從高熵文件生成密碼
假設
- 我們想生成一個 32 字節的密碼,使用密鑰文件作為源,但不是直接使用它,而是通過中間步驟;
所以:
- 我們有一個 100MB 的高熵文件
- 我們要求使用者提供 2 個值,(A) 一個是文件的偏移量,第二個 (B) 是塊大小
然後我們:
- Open the file and skip to offset (A)
- Read as many chunks of size (B) until end of file
- Per chunk scrypt it into value (scrypt set to take ~1 sec), crc the out block to a integer value and add it to the 32 byte array (increment index for each chunk, reset to 0 when at 32)
If I’m correct it would take an attacker ~10 years to go through the whole keyspace with a brute force attack. Would this be correct or am I missing something here (probably) - as in for each byte (offset) there are 100MB/32 possible variations in size (there are some details that are important which I’m skipping over - but it’s the general idea I’m thinking of)
J
If I’m correct it would take an attacker ~10 years to go through the whole keyspace with a brute force attack. Would this be correct or am I missing something here
No
First let’s consider simple fact: The more power you have the shorter attack will take. There is no such thing as “it would take attacker 10 years”. Also, 10 years is very, very short compared to proper key, which is very far from measurement in life-times.
Also, you seem to imply that fact that attacker will have to try multiple files will make it hard. Imagine that I have botnet with 40 000 machines. I can assign one machine for each of your files. So it will just take me as long as it took you to decrypt it (if not better). I can then try most common choices of A and B which would me take maybe day if i’m unlucky (considering that your decryption takes you minute, which is massive amount of time for password-based encryption).
While when you had used password with just 6 characters, I would have somewhat harder time recovering those.
If you assume that attacker knows your file, your whole process is basically useless. There simply isn’t enough entropy in A, B and file selection. If you assume attacker doesn’t know your file then all you do is still useless, because you would be just as secure in getting first 256-bytes of that file (since you assume that this file is high-entropy, if it isn’t consistently high-entropy then you simply hash that file and end in same thing).

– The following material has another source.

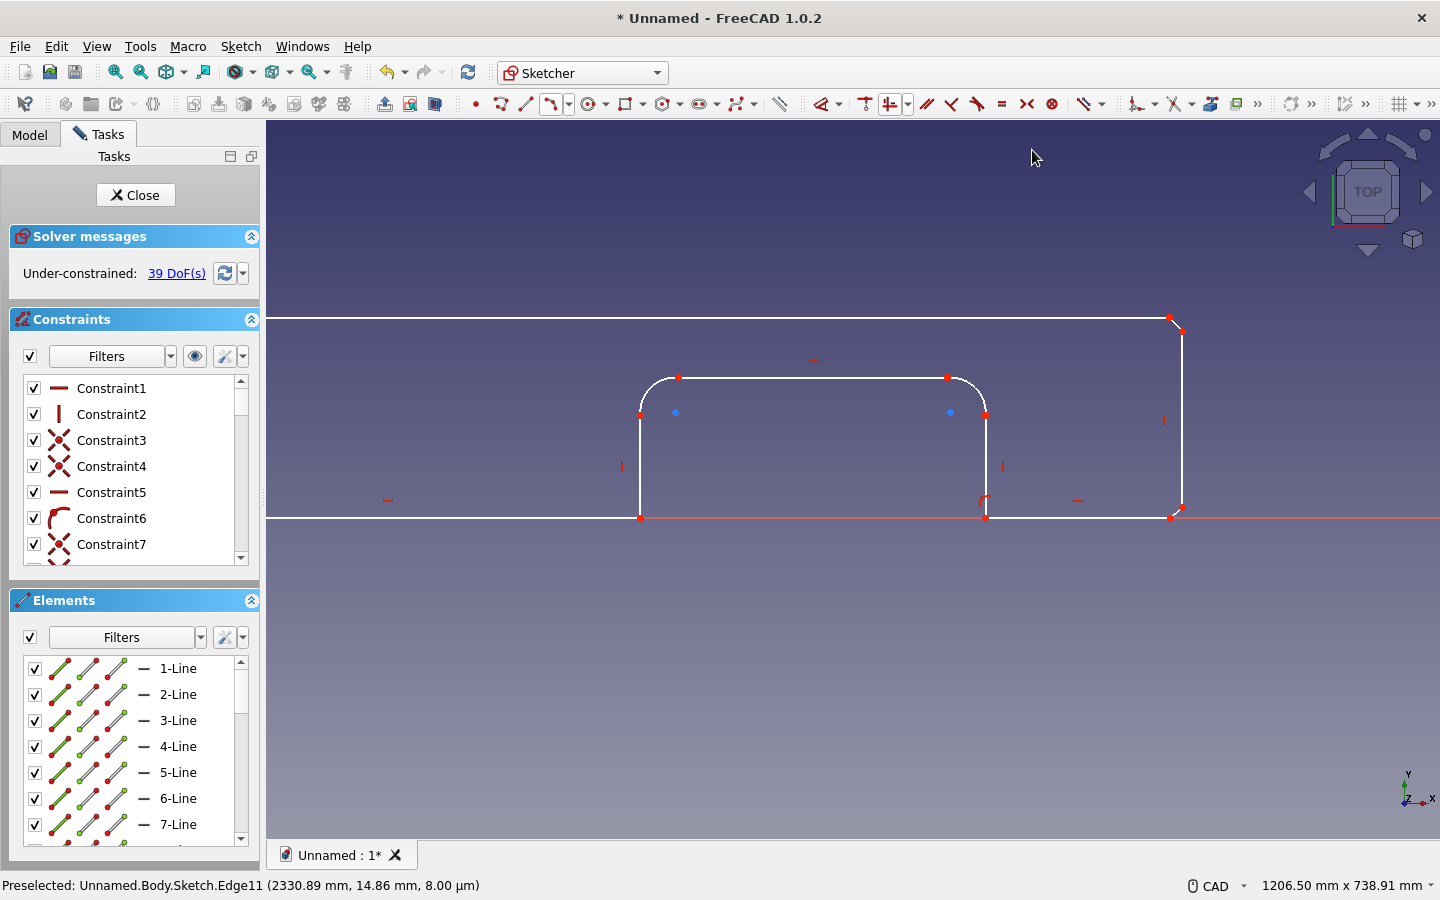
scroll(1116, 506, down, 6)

Also, one advantage of using passwords is that user himself choose how secure he is. If he uses 4-character password, it will be broken. If he uses 20-character password then there is good chance it will never be broken. With your scheme everyone who doesn’t have 20TB worth of storage for keys is limited to 4 characters of security (and with 20TB you won’t be much better).

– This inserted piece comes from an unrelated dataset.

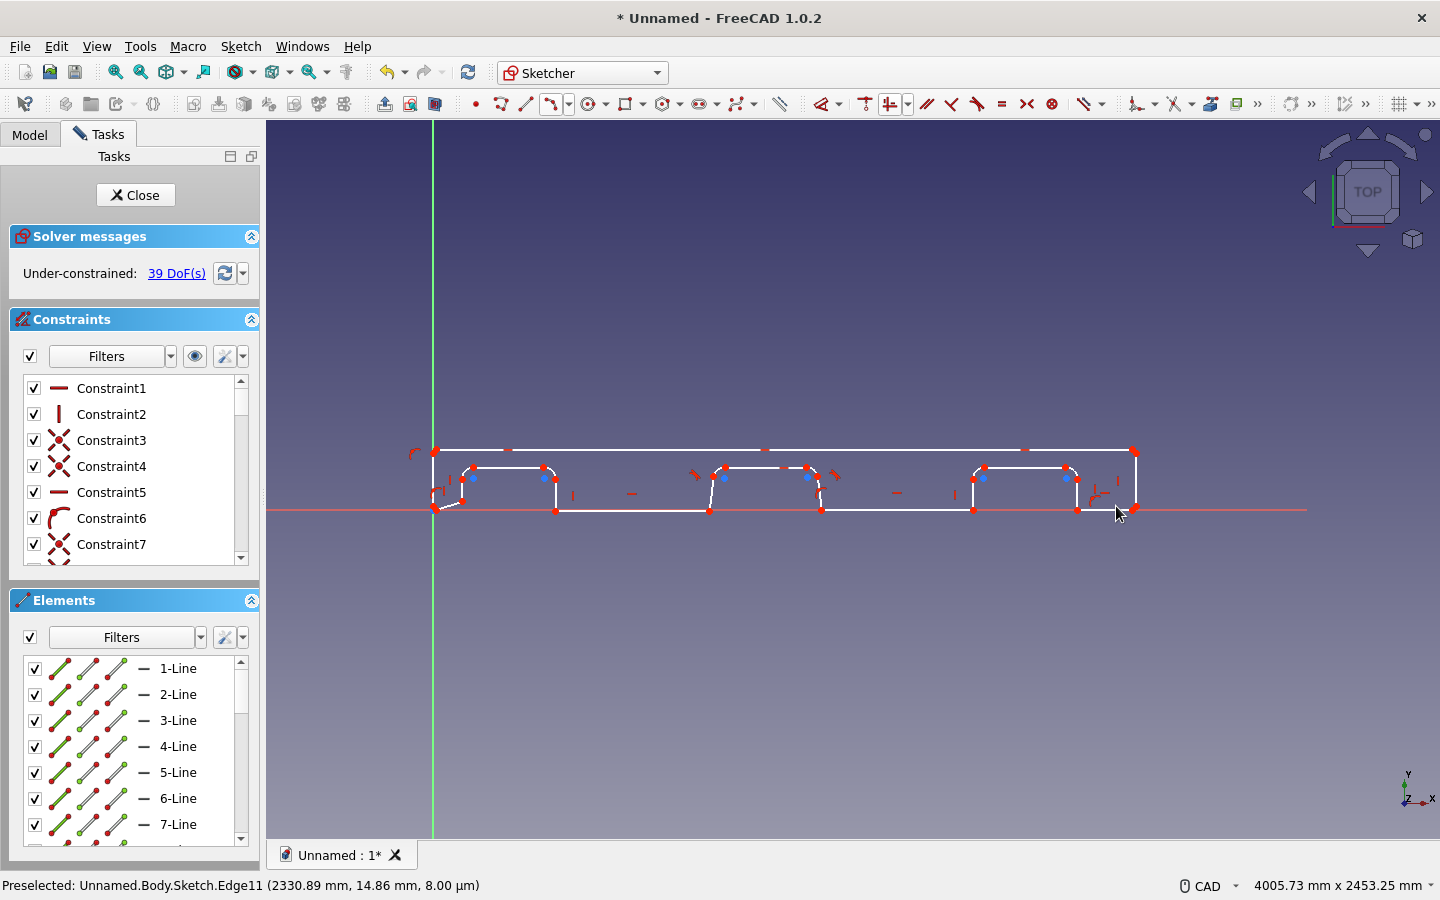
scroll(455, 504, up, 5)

TL;DR: Use established best practices. With your scheme you are arguably worse than with md5.
Also speaking of your scheme, it seems to come from world of “security by obscurity”. There is no point in using crc-16 to shorten your key. Scrypt returns high-entropy mixed key, which you can simply cut. But your scheme doesn’t spread entropy trough your returned key (which is terrible - you can know part of key with part of file). Also, you use scrypt to convert key to key, which is something pointless, since your key generation will take longer with longer file. So long in fact that user will get bored. Just imagine 60bytes file with A=0, B=1. It will take one minute to get key. You would be far better with just scrypting hash of whole file (you would still be able to configure scrypt time to something reasonable).
It seems you are mainly after two-factor authentication. In that case: perform scrypt (or any other password hashing scheme) and use the resulting symmetric key to wrap a pre-generated private key. Now you can store that private key on USB. Alternatively you could use a smart card or USB HSM.
Now you can authenticate using the private key instead of a passphrase. If private key authentication is not possible you could also encrypt a passphrase (making sure you do not leak the size of the pass-phrase).
PGP would come to mind as it encrypts your private key as described for file encryption. For transport security SSH can do something similar as well.